2. Select the newly created application (foundry-integration in our example), the user to which you've assigned the newly created role (foundry-role), and the newly created role.
  - If you can't manage tokens for other users, your user will be selected by default. Make sure your user has the newly created role (foundry-role) assigned to it.
3. After you Save, make a note of the TOKEN ID and TOKEN SECRET. You will need them to configure Foundry.

TOKEN ID and TOKEN SECRET will only be displayed the first time you save the token. You will need to create a new token to get a new TOKEN ID and TOKEN SECRET.

Learn more about token management in NetSuite. ↗

Networking

The NetSuite SuiteTalk connector requires network access to the NetSuite instance to which you want to connect.

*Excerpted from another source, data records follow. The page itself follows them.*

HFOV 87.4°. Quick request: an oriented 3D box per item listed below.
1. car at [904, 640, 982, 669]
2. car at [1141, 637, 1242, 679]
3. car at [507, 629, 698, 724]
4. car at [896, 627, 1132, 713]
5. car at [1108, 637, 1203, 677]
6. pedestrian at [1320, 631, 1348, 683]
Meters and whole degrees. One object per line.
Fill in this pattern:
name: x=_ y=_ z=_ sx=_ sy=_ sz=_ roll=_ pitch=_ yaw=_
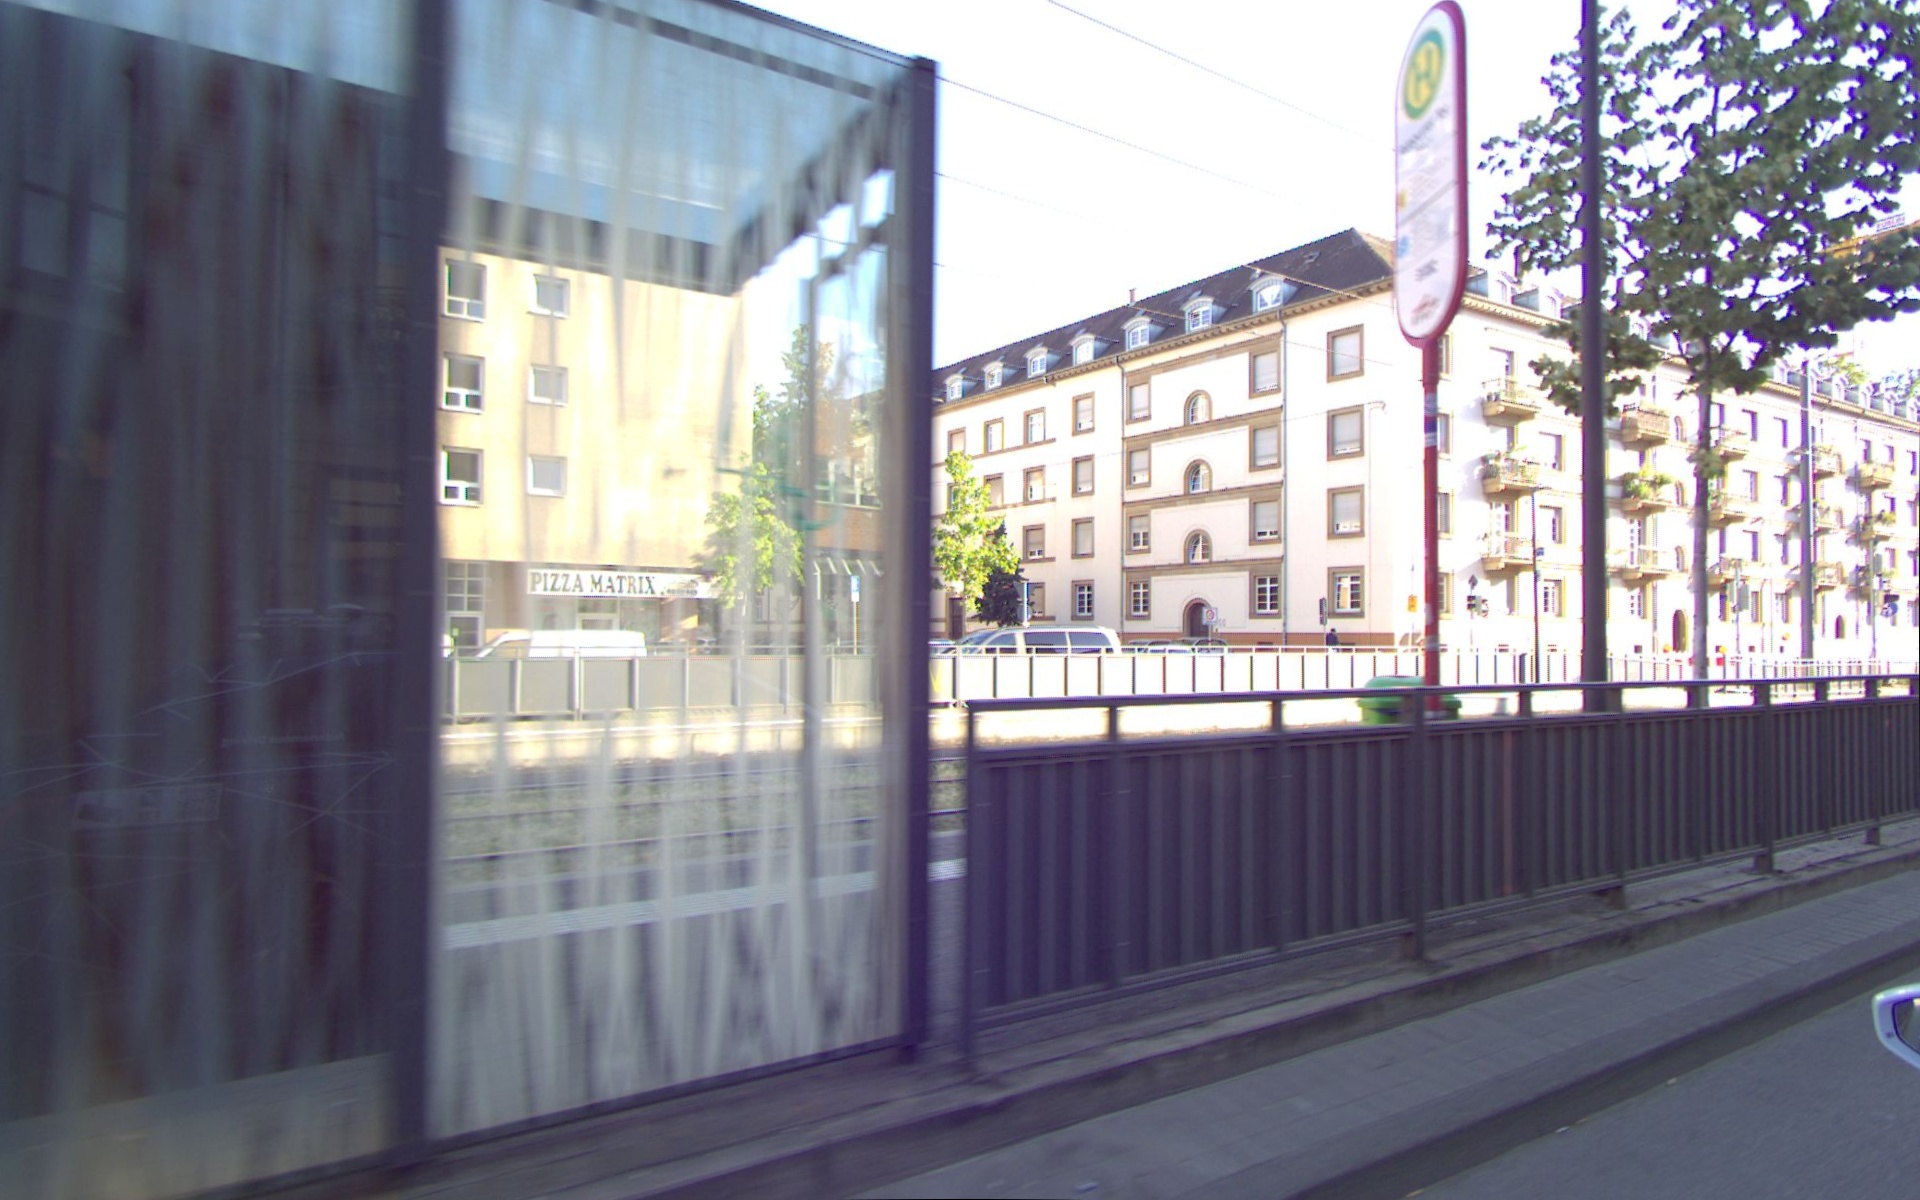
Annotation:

Option 1: Direct connection

If you are connecting via a direct connection, you will need to add the following egress policies to the source:

<ACCOUNT_ID>.suitetalk.api.netsuite.com on port 443; you can find your account ID in the URL when connected to NetSuite.
webservices.netsuite.com on port 443.

If these egress policies do not exist, you can request them; otherwise you can add them.

Option 2: Agent connection

If you are connecting with an agent runtime, you must ensure that the agent host has firewalls open to the host names, IP addresses, and ports required to connect to your NetSuite Connect instance.

Connection details

Option	Required?	Description
`Account ID`	Yes	NetSuite Account ID, found as a prefix in your NetSuite's instance URL
`Client ID`	Yes	`CLIENT ID` copied when creating the `foundry-integration`
`Client secret`	Yes	`CLIENT SECRET` copied when creating the `foundry-integration`
`Access token`	Yes	`TOKEN ID` copied when creating the TBA token
`Access token secret`	Yes	`CLIENT ID` copied when creating the TBA token

Creating a sync

The NetSuite SuiteTalk source can be explored to discover tables and create new syncs. You can also manually create new syncs from the overview page of the source.